CANNES – Quando o diretor Nanni Moretti, presidente do júri do 65º Festival de Cannes, revelou, na última quarta-feira (16), que gostaria de ver filmes que o surpreende-se, talvez não esperasse que fosse atendido tão prontamente. Os três títulos exibidos em competição nesta sexta-feira (18), ofereceram visões inesperadas sobre temas em si pouco explorados, como turismo sexual, religiosidade e obsessão pelo status de celebridade. Mas, infelizmente, impressionaram pelos motivos errados.
Exibido pela manhã para a imprensa estrangeira, Reality, do diretor italiano Matteo Garrone, oferece um estudo sobre a atração pela fama a partir de um caso envolvendo um humilde peixeiro de Nápoles (Aniello Arena) obcecado pela ideia de participar da versão italiana do Big Brother da TV. Obcecado pela ideia de ser escolhido para a próxima edição do programa, produzido em Roma, o sujeito vai aos poucos perdendo a noção do limite entre realidade e ficção.
Premiado na edição de 2008 do festival com o Grande Prêmio do Júri por Gomorra, potente drama policial sobre o crime organizado italiano, Garrone aqui muda o registro para a fábula de fundo social. Ironia das ironias, o quartel general do game é encravado na Cinecittà, o lendário estúdio de cinema da Itália. “Não quero generalizar, não estou falando do comportamento de um país inteiro, mas de um único personagem, que vê os reality shows da TV como um lugar onde podem mudar sua vida e seu destino”, contou Garrone.
A decepção do dia aumento com a fria recepção a Paradise: love, do austríaco Ulrich Seidl, sobre uma solitária dona de classe média e de meia idade, que vai buscar refúgio emocional em um resort na África. Mãe de uma adolescente relaxada que só se interessa por seu celular, Teresa (Margarete Tiesel) viaja para o litoral do Quênia na esperança para umas merecidas férias. Lá acaba se entregando a vários beach boys, jovens quenianos que vendem pulseiras e excursões na beira da praia, mas também se oferecem como parceiros sexuais de mulheres brancas.
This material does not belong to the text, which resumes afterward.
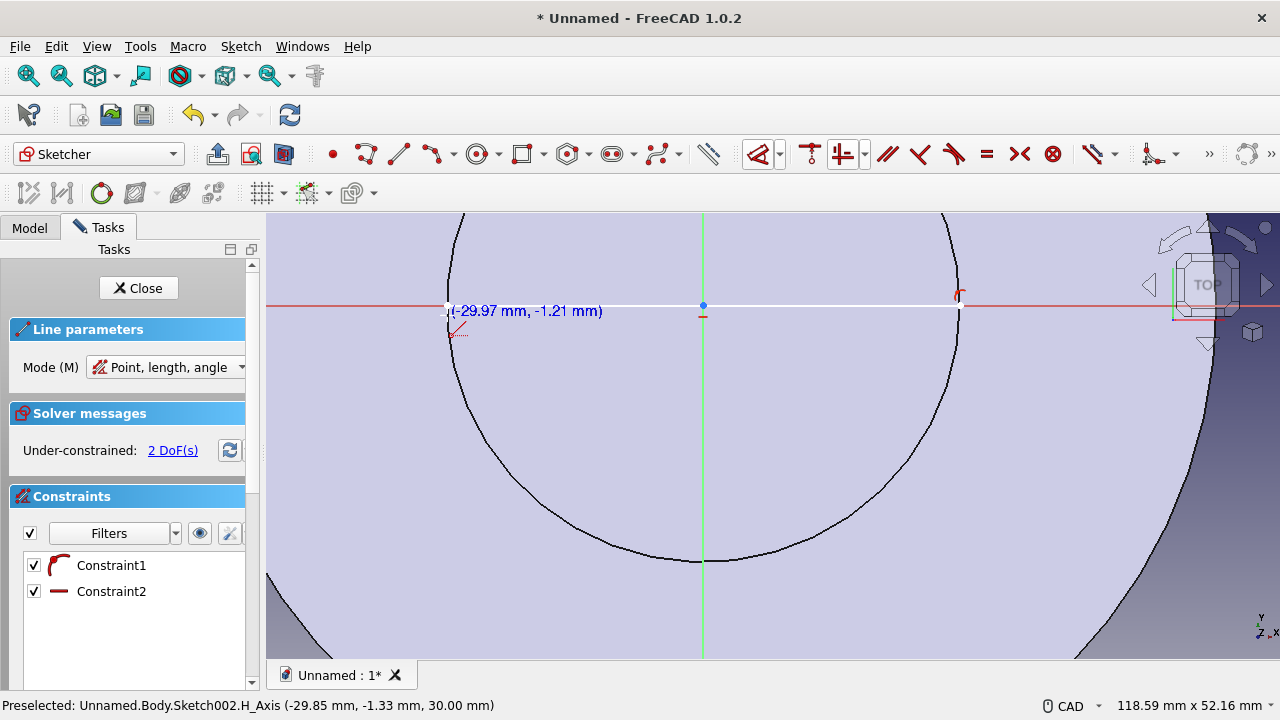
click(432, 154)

De beach boy em beach, Teresa passa por uma série de frustrações até reconhecer que o sexo, no nas praias do Quênia, é apenas um negócio. Repleto de nus frontais e encenações sexuais, Paradise: love é o primeiro capítulo de uma trilogia do diretor sobre três mulheres de uma família que saem em viagens de férias. “Teresa vai procurar na África o que não precisa em casa. Ela é um exemplo da mulher ocidental que já deixou de ser um corpo desejado, que busca o carinho e a atenção de que precisa”, explicou Seidl.
O dia foi encerrado com a projeção do romeno Beyond the hills, de Christian Mungiu. Cinco anos atrás, Mungiu saiu de Cannes com a Palma de Ouro, conquistada por 4 meses, 3 semanas, e 2 dias, desconcertante drama sobre o aborto. Neste retorno ao festival da Riviera Francesa, o realizador deixa o espectador perplexo com uma história sobre amor e livre arbítrio. Alina (Cristina Flutur) é uma jovem órfão que volta da Alemanha para visitar a amiga Voichita (Cosmina Stratan), a única pessoa a quem ama verdadeira no mundo, com a intenção de levá-la consigo. Mas a encontra inteiramente devotada a Deus, vivendo com freiras de um monastério ortodoxo numa região rural. Alina enfrentará um rival poderoso, capaz destruir qualquer um que atravesse seu caminho. É um filme para amar ou odiar: não foram poucos os jornalistas que vaiaram a polêmica história.
“A maior parte dos grandes erros cometidos nesse mundo foram perpetrados em nome da fé, e com a absoluta convicção de que foram feitos por uma boa causa”, declarou Mungiu. “No fundo, espero que Beyond the hills fale sobre opções e escolhas da vida que derivam da educação, ou da falta dela, e sobre como muitas coisas na vida derivam de coisas sobre as quais não temos poder, ou sobre coisas sobre as quais não sentimos culpa: de onde você veio ao mundo, por quem, e em que tipo de comunidade cresceu”.